▶ Recorded data:
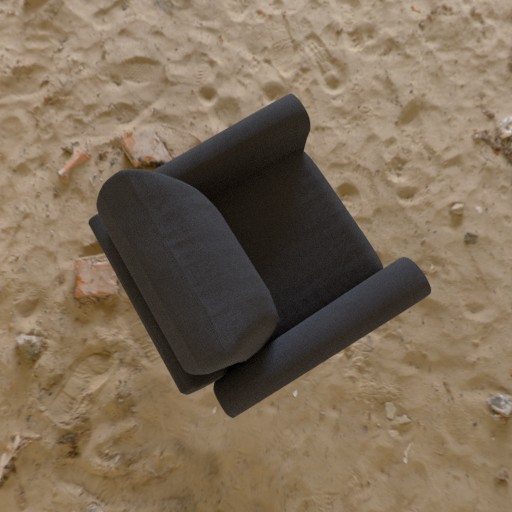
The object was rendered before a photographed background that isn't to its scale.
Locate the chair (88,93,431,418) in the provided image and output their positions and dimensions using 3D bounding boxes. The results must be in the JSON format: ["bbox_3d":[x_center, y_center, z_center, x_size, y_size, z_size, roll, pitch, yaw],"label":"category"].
[{"bbox_3d":[0.000,0.000,1.601,0.828,0.942,0.867,-31,78,-7],"label":"chair"}]
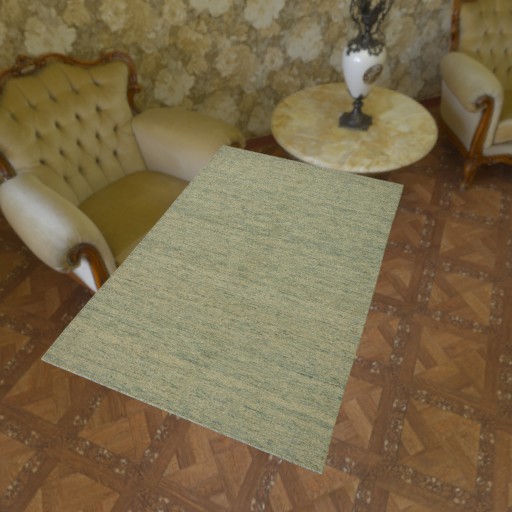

▶ Exercise description:
When copying, output the data exactly and leave out the pictures.

▶ The completed task:
The object was rendered before a photographed background that isn't to its scale.
Locate the chair (88,93,431,418) in the provided image and output their positions and dimensions using 3D bounding boxes. The results must be in the JSON format: ["bbox_3d":[x_center, y_center, z_center, x_size, y_size, z_size, roll, pitch, yaw],"label":"category"].
[{"bbox_3d":[0.000,0.000,1.601,0.828,0.942,0.867,-31,78,-7],"label":"chair"}]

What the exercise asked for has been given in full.